> Data records
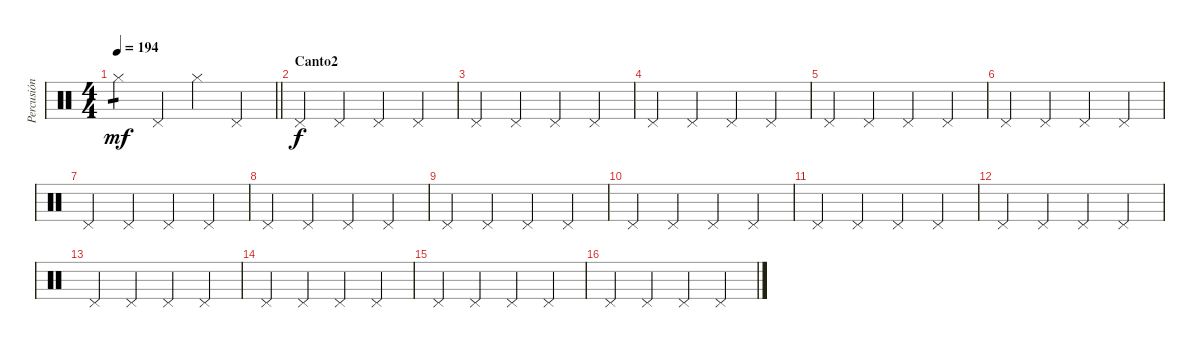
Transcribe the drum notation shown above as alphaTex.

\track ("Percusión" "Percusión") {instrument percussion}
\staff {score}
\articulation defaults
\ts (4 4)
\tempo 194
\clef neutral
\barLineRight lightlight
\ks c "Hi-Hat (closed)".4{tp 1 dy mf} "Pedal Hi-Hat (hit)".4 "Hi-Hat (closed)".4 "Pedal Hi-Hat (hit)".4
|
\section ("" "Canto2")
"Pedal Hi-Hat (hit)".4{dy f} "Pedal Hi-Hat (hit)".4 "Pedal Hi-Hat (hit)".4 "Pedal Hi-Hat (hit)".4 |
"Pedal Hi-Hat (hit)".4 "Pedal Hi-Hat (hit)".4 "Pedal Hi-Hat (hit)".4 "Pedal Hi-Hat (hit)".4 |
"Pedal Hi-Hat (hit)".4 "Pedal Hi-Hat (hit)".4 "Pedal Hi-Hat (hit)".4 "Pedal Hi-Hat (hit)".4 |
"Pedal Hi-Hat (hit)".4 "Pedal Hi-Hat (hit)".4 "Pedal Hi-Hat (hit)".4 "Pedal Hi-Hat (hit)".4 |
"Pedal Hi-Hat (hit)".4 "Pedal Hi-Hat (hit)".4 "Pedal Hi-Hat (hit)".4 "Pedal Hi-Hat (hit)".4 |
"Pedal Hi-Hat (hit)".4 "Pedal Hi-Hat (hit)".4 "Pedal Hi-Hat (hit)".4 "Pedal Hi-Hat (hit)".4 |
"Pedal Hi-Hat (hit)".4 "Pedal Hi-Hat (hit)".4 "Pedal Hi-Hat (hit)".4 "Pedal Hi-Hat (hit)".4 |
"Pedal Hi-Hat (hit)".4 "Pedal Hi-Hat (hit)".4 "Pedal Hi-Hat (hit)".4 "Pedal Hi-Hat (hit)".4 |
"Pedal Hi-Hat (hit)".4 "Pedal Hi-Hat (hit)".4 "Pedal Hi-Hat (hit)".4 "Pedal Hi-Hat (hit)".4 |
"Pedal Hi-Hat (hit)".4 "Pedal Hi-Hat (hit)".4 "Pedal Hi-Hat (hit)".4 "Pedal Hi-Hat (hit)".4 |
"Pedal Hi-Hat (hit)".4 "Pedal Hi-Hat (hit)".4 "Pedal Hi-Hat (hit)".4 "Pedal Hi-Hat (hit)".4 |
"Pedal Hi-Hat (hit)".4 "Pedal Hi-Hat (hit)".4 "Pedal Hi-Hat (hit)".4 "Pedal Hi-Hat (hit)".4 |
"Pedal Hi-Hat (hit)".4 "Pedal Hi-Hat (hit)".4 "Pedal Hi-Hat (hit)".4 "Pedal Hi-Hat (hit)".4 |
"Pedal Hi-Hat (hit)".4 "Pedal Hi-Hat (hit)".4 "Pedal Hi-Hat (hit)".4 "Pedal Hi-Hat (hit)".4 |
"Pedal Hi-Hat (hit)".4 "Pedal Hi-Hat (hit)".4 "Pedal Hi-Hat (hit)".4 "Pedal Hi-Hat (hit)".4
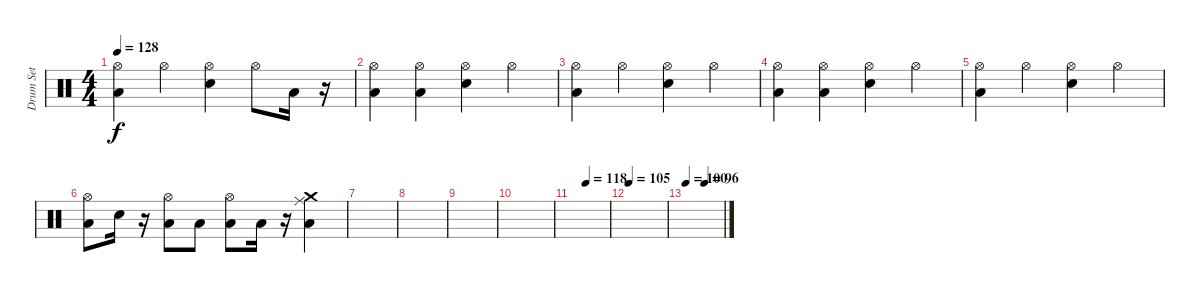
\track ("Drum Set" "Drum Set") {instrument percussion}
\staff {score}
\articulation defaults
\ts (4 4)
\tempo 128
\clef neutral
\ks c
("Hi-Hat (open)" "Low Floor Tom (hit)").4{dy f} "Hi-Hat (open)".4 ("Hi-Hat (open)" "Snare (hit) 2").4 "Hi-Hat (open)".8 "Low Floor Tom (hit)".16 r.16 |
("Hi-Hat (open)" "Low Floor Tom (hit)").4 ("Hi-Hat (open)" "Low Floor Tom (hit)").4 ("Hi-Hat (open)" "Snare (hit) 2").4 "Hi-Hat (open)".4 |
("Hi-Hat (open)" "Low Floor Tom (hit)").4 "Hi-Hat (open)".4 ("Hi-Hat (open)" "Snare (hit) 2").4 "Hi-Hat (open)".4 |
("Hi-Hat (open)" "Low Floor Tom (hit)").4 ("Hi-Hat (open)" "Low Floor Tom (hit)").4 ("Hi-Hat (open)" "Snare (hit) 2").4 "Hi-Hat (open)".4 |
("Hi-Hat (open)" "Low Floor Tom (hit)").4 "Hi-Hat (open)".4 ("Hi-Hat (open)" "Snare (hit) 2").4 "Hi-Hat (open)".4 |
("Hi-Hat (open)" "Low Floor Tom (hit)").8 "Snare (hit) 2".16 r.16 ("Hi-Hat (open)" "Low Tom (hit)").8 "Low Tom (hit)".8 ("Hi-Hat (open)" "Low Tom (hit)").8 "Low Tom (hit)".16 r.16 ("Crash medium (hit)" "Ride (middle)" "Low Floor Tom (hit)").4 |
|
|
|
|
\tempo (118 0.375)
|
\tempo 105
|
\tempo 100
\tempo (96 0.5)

> Your assignment
Restate all of the material word for word, leaving every picture out.

> Answer box
Transcribe the drum notation shown above as alphaTex.

\track ("Percusión" "Percusión") {instrument percussion}
\staff {score}
\articulation defaults
\ts (4 4)
\tempo 194
\clef neutral
\barLineRight lightlight
\ks c "Hi-Hat (closed)".4{tp 1 dy mf} "Pedal Hi-Hat (hit)".4 "Hi-Hat (closed)".4 "Pedal Hi-Hat (hit)".4
|
\section ("" "Canto2")
"Pedal Hi-Hat (hit)".4{dy f} "Pedal Hi-Hat (hit)".4 "Pedal Hi-Hat (hit)".4 "Pedal Hi-Hat (hit)".4 |
"Pedal Hi-Hat (hit)".4 "Pedal Hi-Hat (hit)".4 "Pedal Hi-Hat (hit)".4 "Pedal Hi-Hat (hit)".4 |
"Pedal Hi-Hat (hit)".4 "Pedal Hi-Hat (hit)".4 "Pedal Hi-Hat (hit)".4 "Pedal Hi-Hat (hit)".4 |
"Pedal Hi-Hat (hit)".4 "Pedal Hi-Hat (hit)".4 "Pedal Hi-Hat (hit)".4 "Pedal Hi-Hat (hit)".4 |
"Pedal Hi-Hat (hit)".4 "Pedal Hi-Hat (hit)".4 "Pedal Hi-Hat (hit)".4 "Pedal Hi-Hat (hit)".4 |
"Pedal Hi-Hat (hit)".4 "Pedal Hi-Hat (hit)".4 "Pedal Hi-Hat (hit)".4 "Pedal Hi-Hat (hit)".4 |
"Pedal Hi-Hat (hit)".4 "Pedal Hi-Hat (hit)".4 "Pedal Hi-Hat (hit)".4 "Pedal Hi-Hat (hit)".4 |
"Pedal Hi-Hat (hit)".4 "Pedal Hi-Hat (hit)".4 "Pedal Hi-Hat (hit)".4 "Pedal Hi-Hat (hit)".4 |
"Pedal Hi-Hat (hit)".4 "Pedal Hi-Hat (hit)".4 "Pedal Hi-Hat (hit)".4 "Pedal Hi-Hat (hit)".4 |
"Pedal Hi-Hat (hit)".4 "Pedal Hi-Hat (hit)".4 "Pedal Hi-Hat (hit)".4 "Pedal Hi-Hat (hit)".4 |
"Pedal Hi-Hat (hit)".4 "Pedal Hi-Hat (hit)".4 "Pedal Hi-Hat (hit)".4 "Pedal Hi-Hat (hit)".4 |
"Pedal Hi-Hat (hit)".4 "Pedal Hi-Hat (hit)".4 "Pedal Hi-Hat (hit)".4 "Pedal Hi-Hat (hit)".4 |
"Pedal Hi-Hat (hit)".4 "Pedal Hi-Hat (hit)".4 "Pedal Hi-Hat (hit)".4 "Pedal Hi-Hat (hit)".4 |
"Pedal Hi-Hat (hit)".4 "Pedal Hi-Hat (hit)".4 "Pedal Hi-Hat (hit)".4 "Pedal Hi-Hat (hit)".4 |
"Pedal Hi-Hat (hit)".4 "Pedal Hi-Hat (hit)".4 "Pedal Hi-Hat (hit)".4 "Pedal Hi-Hat (hit)".4
\track ("Drum Set" "Drum Set") {instrument percussion}
\staff {score}
\articulation defaults
\ts (4 4)
\tempo 128
\clef neutral
\ks c
("Hi-Hat (open)" "Low Floor Tom (hit)").4{dy f} "Hi-Hat (open)".4 ("Hi-Hat (open)" "Snare (hit) 2").4 "Hi-Hat (open)".8 "Low Floor Tom (hit)".16 r.16 |
("Hi-Hat (open)" "Low Floor Tom (hit)").4 ("Hi-Hat (open)" "Low Floor Tom (hit)").4 ("Hi-Hat (open)" "Snare (hit) 2").4 "Hi-Hat (open)".4 |
("Hi-Hat (open)" "Low Floor Tom (hit)").4 "Hi-Hat (open)".4 ("Hi-Hat (open)" "Snare (hit) 2").4 "Hi-Hat (open)".4 |
("Hi-Hat (open)" "Low Floor Tom (hit)").4 ("Hi-Hat (open)" "Low Floor Tom (hit)").4 ("Hi-Hat (open)" "Snare (hit) 2").4 "Hi-Hat (open)".4 |
("Hi-Hat (open)" "Low Floor Tom (hit)").4 "Hi-Hat (open)".4 ("Hi-Hat (open)" "Snare (hit) 2").4 "Hi-Hat (open)".4 |
("Hi-Hat (open)" "Low Floor Tom (hit)").8 "Snare (hit) 2".16 r.16 ("Hi-Hat (open)" "Low Tom (hit)").8 "Low Tom (hit)".8 ("Hi-Hat (open)" "Low Tom (hit)").8 "Low Tom (hit)".16 r.16 ("Crash medium (hit)" "Ride (middle)" "Low Floor Tom (hit)").4 |
|
|
|
|
\tempo (118 0.375)
|
\tempo 105
|
\tempo 100
\tempo (96 0.5)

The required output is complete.